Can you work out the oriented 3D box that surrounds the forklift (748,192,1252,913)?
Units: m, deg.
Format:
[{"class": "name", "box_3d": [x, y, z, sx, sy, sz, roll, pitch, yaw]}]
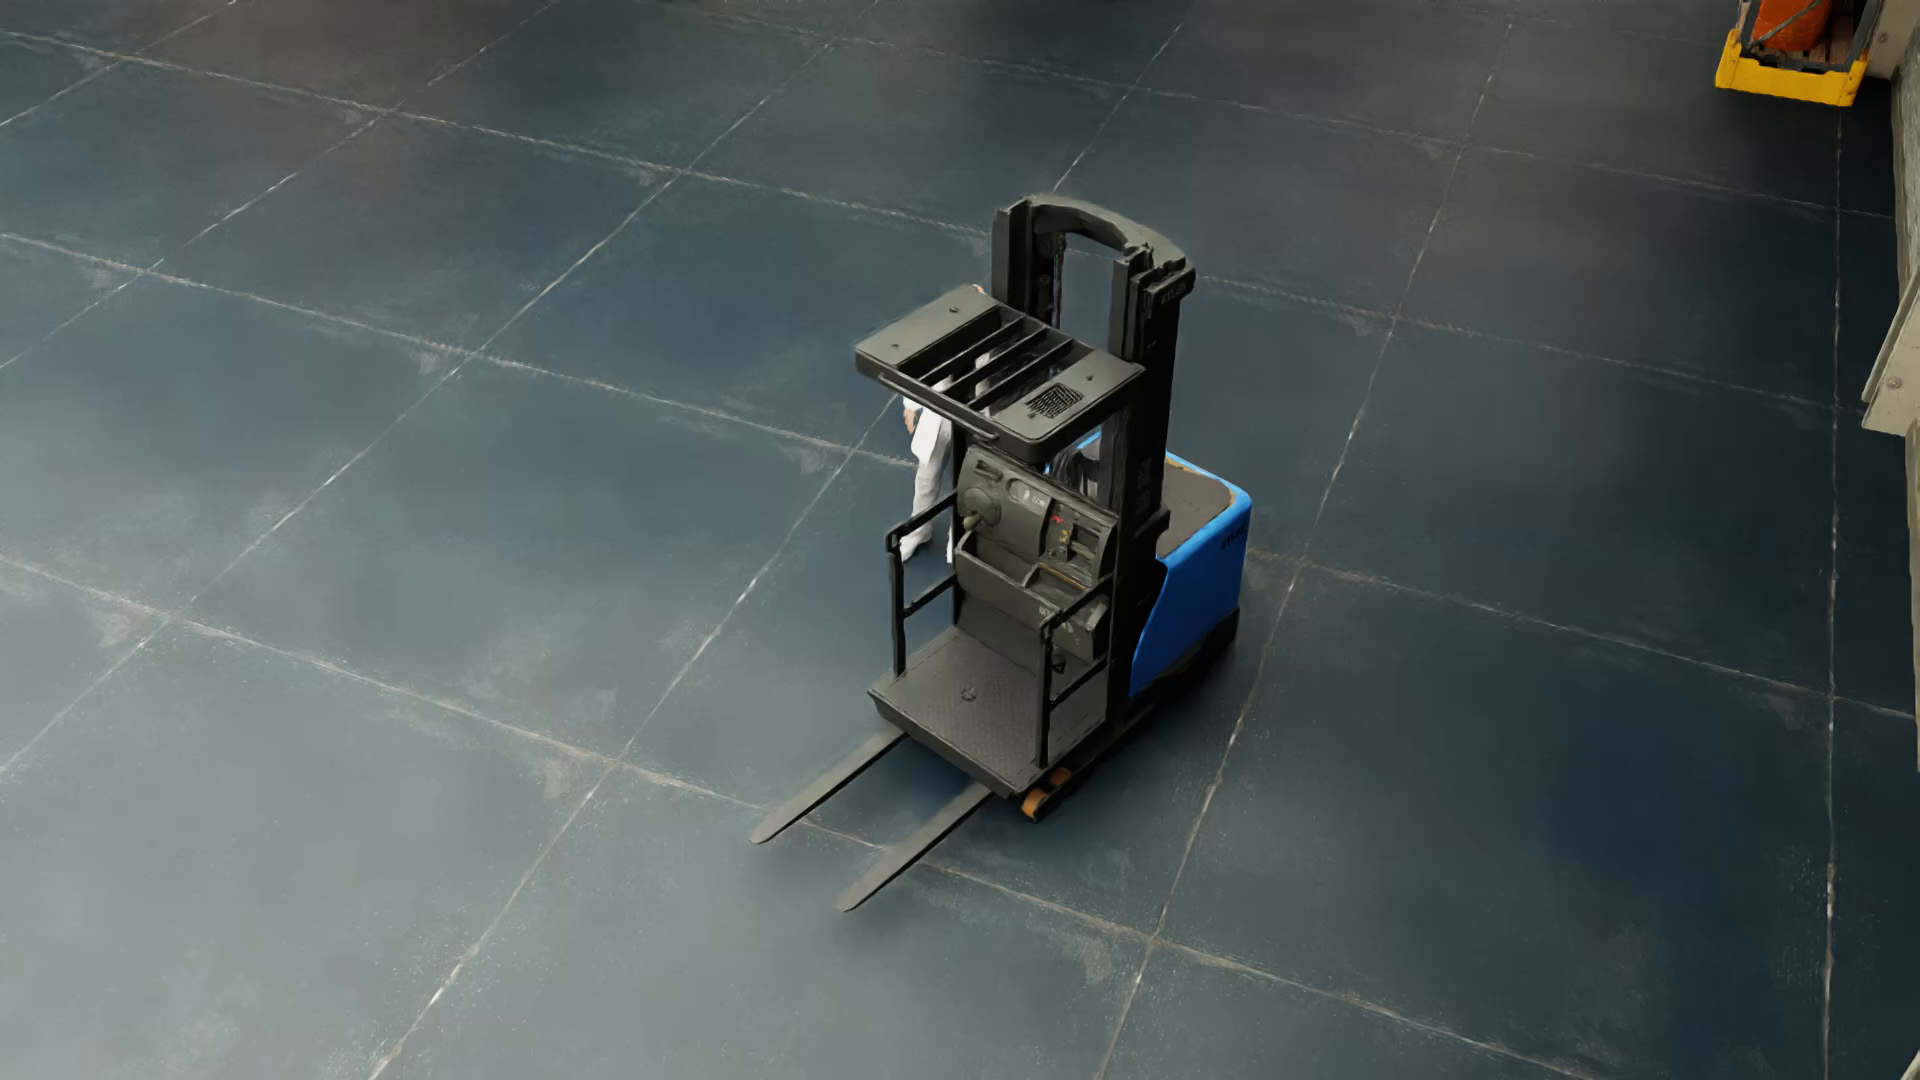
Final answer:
[{"class": "forklift", "box_3d": [0.220, -0.057, 8.074, 1.130, 2.935, 3.031, 30, 49, 31]}]

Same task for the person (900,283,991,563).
[{"class": "person", "box_3d": [-0.039, -0.647, 9.641, 0.694, 1.742, 0.579, 15, 42, 17]}]
======
• [Task statement]:
The expected output is every line of the data, unchanged, with the pictures skipped.

• [Result of this task]:
Can you work out the oriented 3D box that surrounds the forklift (748,192,1252,913)?
Units: m, deg.
Format:
[{"class": "name", "box_3d": [x, y, z, sx, sy, sz, roll, pitch, yaw]}]
Final answer:
[{"class": "forklift", "box_3d": [0.220, -0.057, 8.074, 1.130, 2.935, 3.031, 30, 49, 31]}]

Same task for the person (900,283,991,563).
[{"class": "person", "box_3d": [-0.039, -0.647, 9.641, 0.694, 1.742, 0.579, 15, 42, 17]}]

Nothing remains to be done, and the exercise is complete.